[Dataset excerpts — start]

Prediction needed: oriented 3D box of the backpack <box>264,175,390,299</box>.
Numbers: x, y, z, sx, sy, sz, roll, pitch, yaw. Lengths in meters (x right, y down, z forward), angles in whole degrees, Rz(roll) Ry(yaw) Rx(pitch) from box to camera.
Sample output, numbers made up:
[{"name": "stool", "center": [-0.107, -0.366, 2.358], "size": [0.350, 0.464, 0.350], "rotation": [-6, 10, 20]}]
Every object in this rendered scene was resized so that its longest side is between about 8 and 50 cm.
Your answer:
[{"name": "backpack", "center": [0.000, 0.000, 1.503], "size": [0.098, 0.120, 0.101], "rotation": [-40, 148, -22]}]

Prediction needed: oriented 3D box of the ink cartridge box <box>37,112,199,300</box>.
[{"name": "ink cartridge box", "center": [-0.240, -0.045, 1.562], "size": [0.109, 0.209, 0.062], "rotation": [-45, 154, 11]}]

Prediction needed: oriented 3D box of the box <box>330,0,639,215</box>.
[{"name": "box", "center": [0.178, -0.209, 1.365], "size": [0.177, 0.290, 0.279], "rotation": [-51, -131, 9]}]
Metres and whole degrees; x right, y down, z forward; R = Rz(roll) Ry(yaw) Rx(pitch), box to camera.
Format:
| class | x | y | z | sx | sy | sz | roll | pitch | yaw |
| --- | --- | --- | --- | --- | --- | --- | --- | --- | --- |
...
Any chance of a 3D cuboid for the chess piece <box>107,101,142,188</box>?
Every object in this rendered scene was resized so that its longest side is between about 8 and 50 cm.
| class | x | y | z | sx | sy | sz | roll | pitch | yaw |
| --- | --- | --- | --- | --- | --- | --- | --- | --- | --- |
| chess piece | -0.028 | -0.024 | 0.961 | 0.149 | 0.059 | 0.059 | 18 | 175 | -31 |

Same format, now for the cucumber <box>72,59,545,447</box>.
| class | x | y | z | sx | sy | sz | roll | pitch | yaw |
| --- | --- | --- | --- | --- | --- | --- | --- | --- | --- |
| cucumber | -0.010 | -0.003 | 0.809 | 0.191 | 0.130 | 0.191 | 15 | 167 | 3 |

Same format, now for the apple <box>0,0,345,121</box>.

[Dataset excerpts — finish]

**Required action:** How many lines of the listing above include the word "forward"? Reply with the number alone.

**Result of the exercise:** 2